## Task instructions:
Reproduce the records exactly, but not the pictures.

Source records:
☆ ☆ ☆ ☆ ☆

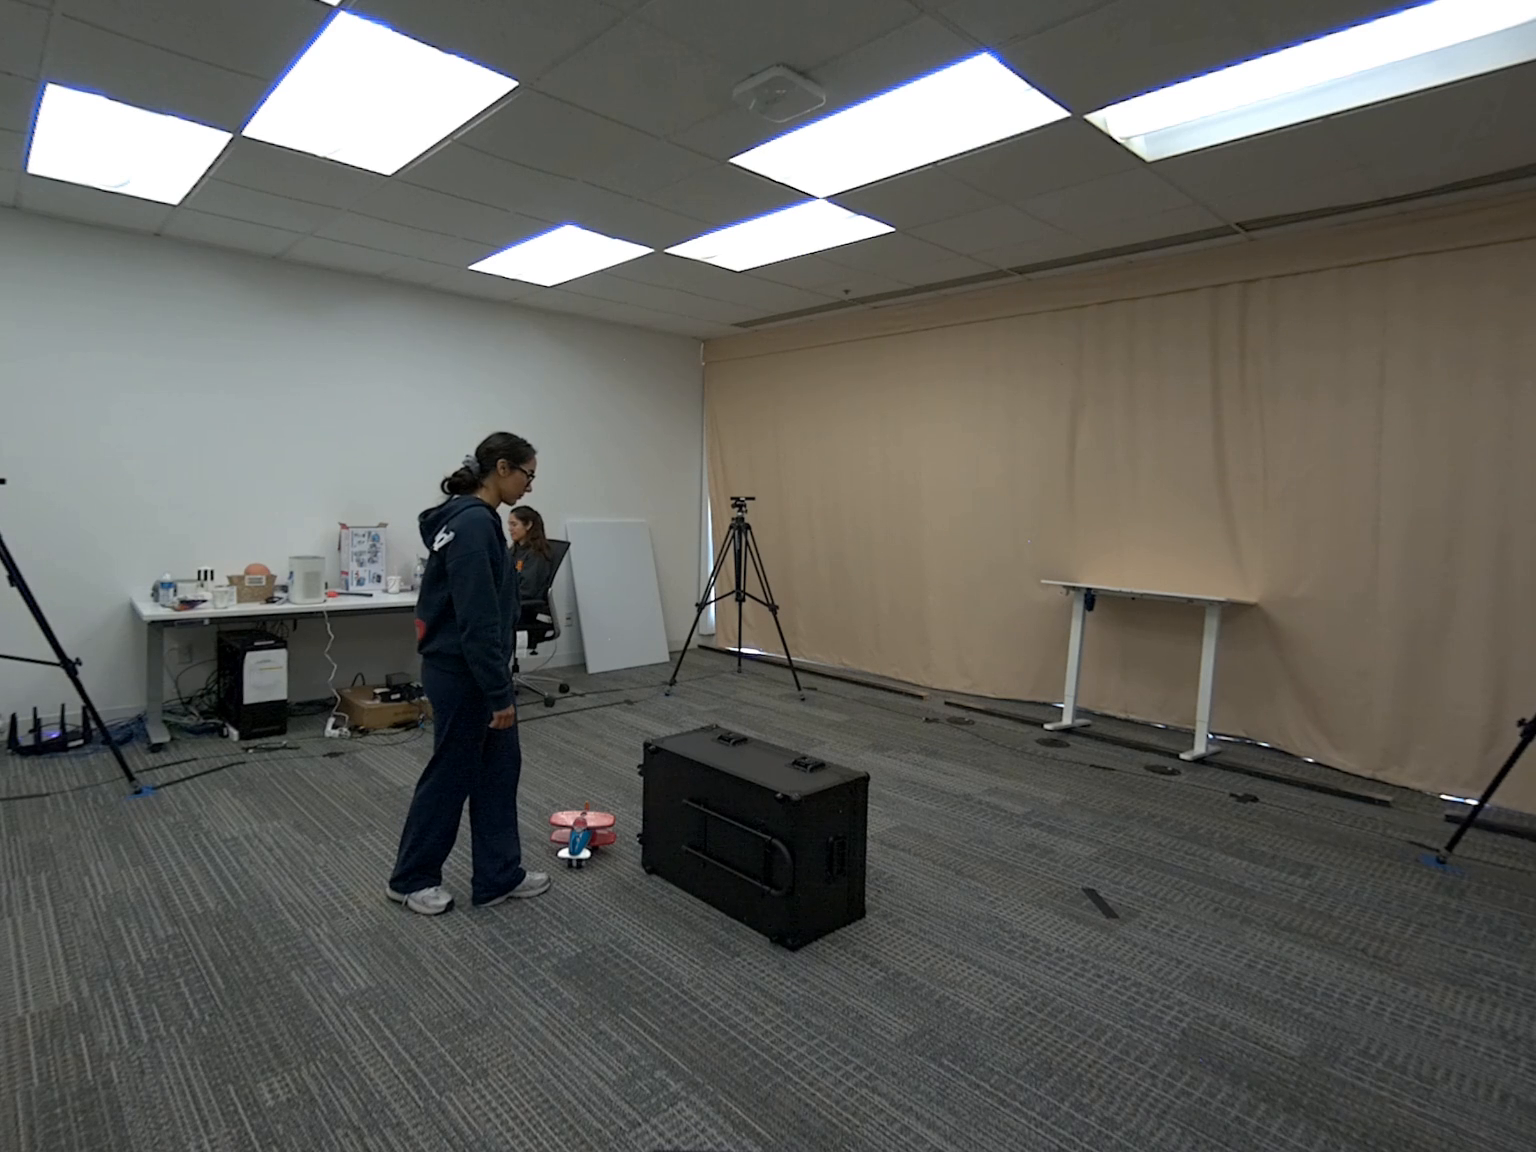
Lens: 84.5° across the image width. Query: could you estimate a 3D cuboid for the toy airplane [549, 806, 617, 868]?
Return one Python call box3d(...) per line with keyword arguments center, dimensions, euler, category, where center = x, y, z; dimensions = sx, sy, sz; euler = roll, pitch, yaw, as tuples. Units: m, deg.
box3d(center=(-0.706, 1.001, 3.244), dimensions=(0.246, 0.156, 0.264), euler=(0, 3, -26), category="toy airplane")
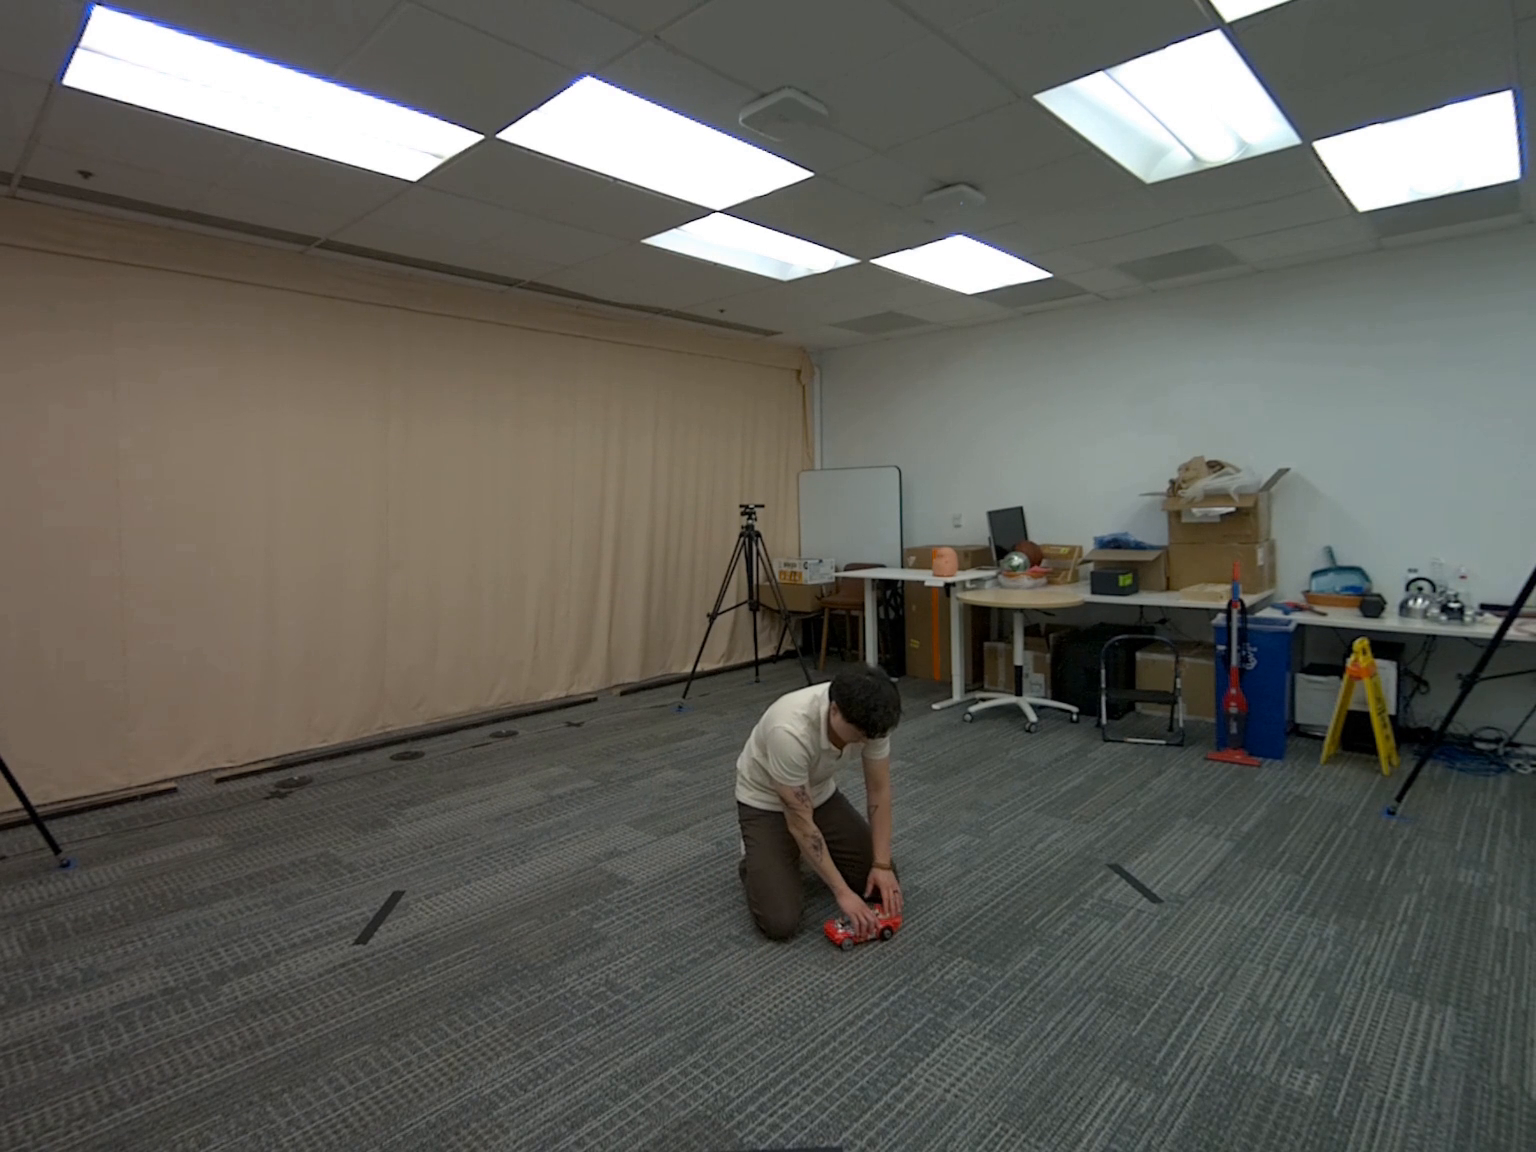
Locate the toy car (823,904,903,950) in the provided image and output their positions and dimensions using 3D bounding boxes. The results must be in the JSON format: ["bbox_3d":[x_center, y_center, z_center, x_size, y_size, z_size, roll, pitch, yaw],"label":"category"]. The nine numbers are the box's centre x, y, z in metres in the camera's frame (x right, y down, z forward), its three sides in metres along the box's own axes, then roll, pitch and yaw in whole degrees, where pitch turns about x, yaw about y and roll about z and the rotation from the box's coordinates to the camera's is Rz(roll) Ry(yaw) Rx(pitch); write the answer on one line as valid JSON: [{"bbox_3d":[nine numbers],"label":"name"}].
[{"bbox_3d":[0.308,1.122,2.701,0.250,0.083,0.133,-15,8,-19],"label":"toy car"}]
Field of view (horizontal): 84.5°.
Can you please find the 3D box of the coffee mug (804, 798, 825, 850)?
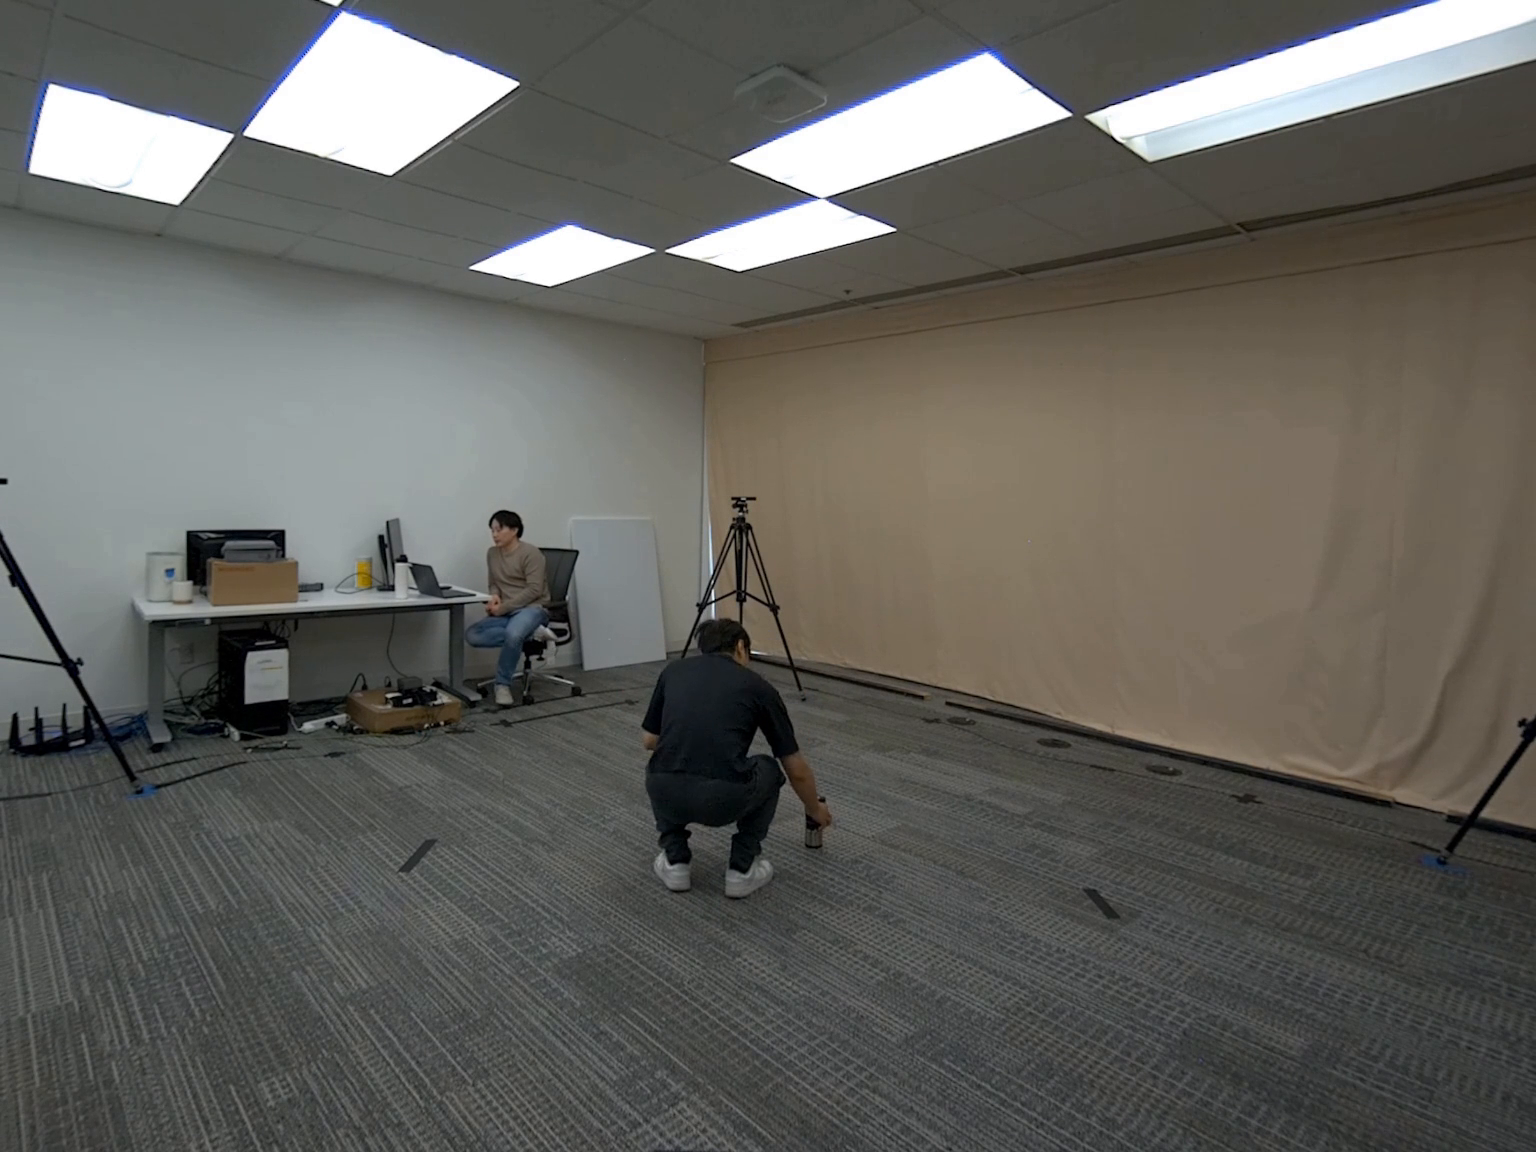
[{"bbox_3d":[0.162,0.990,3.385,0.119,0.203,0.090,6,1,-39],"label":"coffee mug"}]
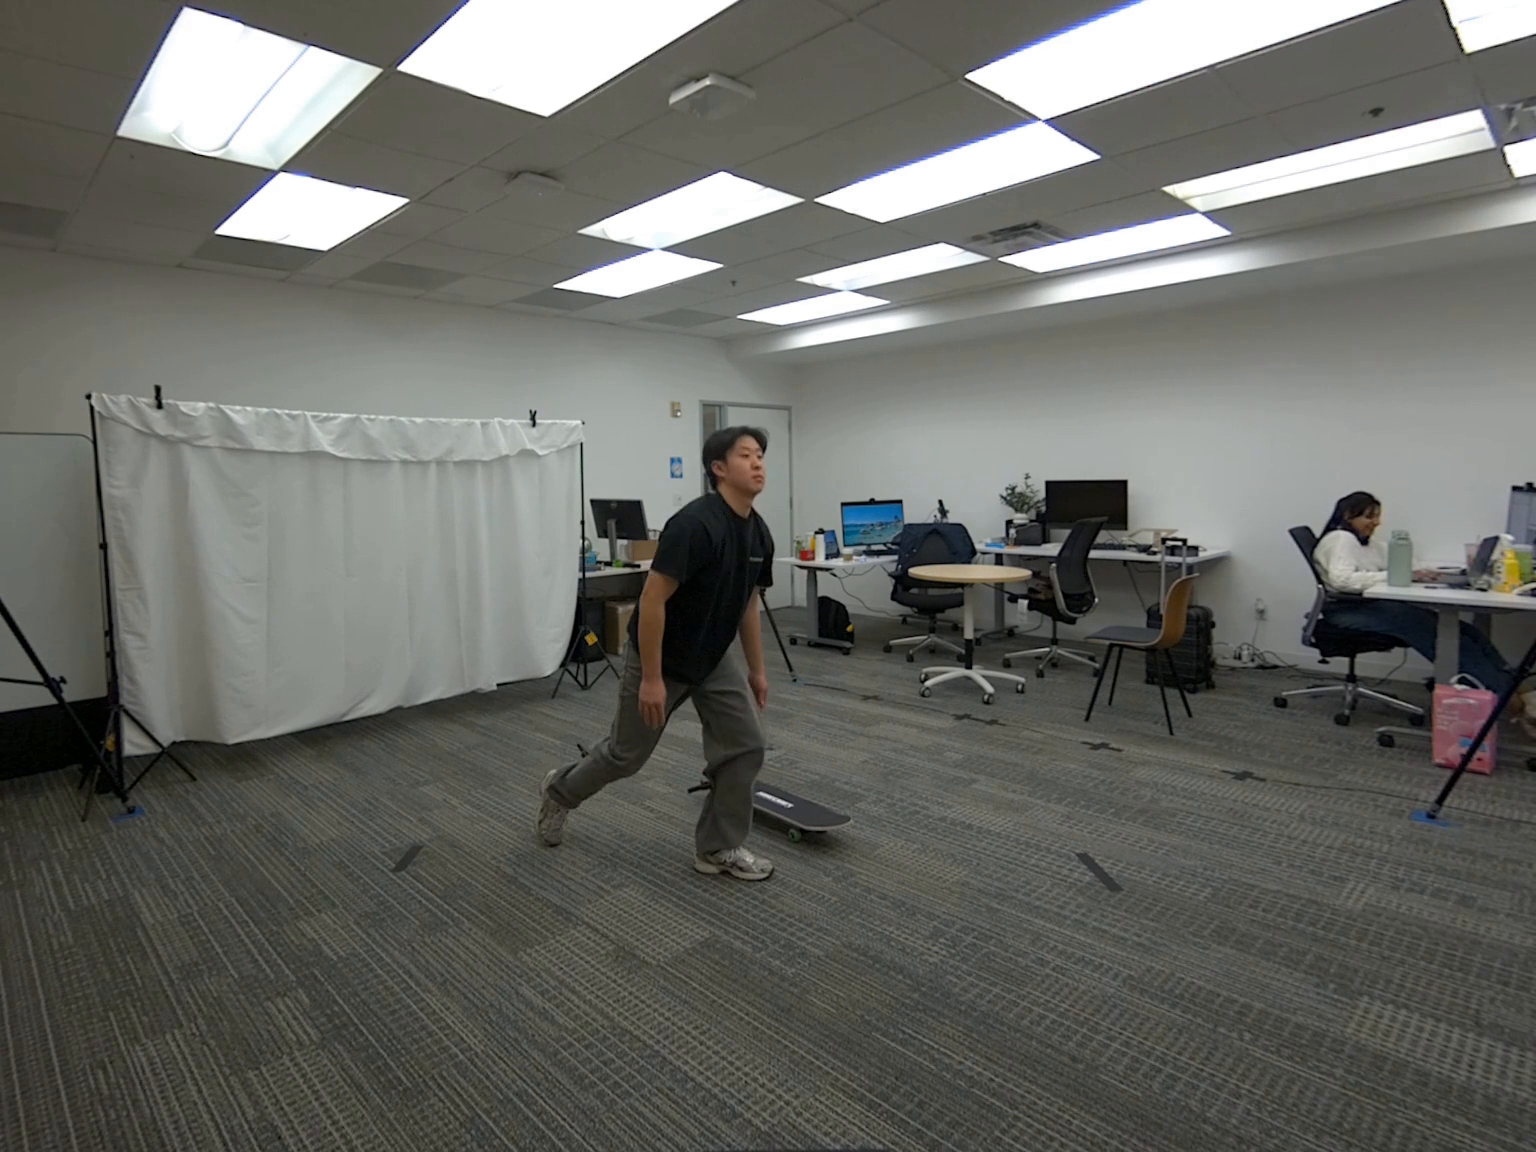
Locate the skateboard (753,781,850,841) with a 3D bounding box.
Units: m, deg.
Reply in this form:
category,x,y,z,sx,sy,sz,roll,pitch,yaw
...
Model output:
category,x,y,z,sx,sy,sz,roll,pitch,yaw
skateboard,0.029,0.947,3.491,0.188,0.110,0.810,-6,8,-40

☆ ☆ ☆ ☆ ☆

## Result:
Lens: 84.5° across the image width. Query: could you estimate a 3D cuboid for the toy airplane [549, 806, 617, 868]?
Return one Python call box3d(...) per line with keyword arguments center, dimensions, euler, category, where center = x, y, z; dimensions = sx, sy, sz; euler = roll, pitch, yaw, as tuples. Units: m, deg.
box3d(center=(-0.706, 1.001, 3.244), dimensions=(0.246, 0.156, 0.264), euler=(0, 3, -26), category="toy airplane")
Locate the toy car (823,904,903,950) in the provided image and output their positions and dimensions using 3D bounding boxes. The results must be in the JSON format: ["bbox_3d":[x_center, y_center, z_center, x_size, y_size, z_size, roll, pitch, yaw],"label":"category"]. The nine numbers are the box's centre x, y, z in metres in the camera's frame (x right, y down, z forward), its three sides in metres along the box's own axes, then roll, pitch and yaw in whole degrees, where pitch turns about x, yaw about y and roll about z and the rotation from the box's coordinates to the camera's is Rz(roll) Ry(yaw) Rx(pitch); write the answer on one line as valid JSON: [{"bbox_3d":[nine numbers],"label":"name"}].
[{"bbox_3d":[0.308,1.122,2.701,0.250,0.083,0.133,-15,8,-19],"label":"toy car"}]
Field of view (horizontal): 84.5°.
Can you please find the 3D box of the coffee mug (804, 798, 825, 850)?
[{"bbox_3d":[0.162,0.990,3.385,0.119,0.203,0.090,6,1,-39],"label":"coffee mug"}]
Locate the skateboard (753,781,850,841) with a 3D bounding box.
Units: m, deg.
Reply in this form:
category,x,y,z,sx,sy,sz,roll,pitch,yaw
...
Model output:
category,x,y,z,sx,sy,sz,roll,pitch,yaw
skateboard,0.029,0.947,3.491,0.188,0.110,0.810,-6,8,-40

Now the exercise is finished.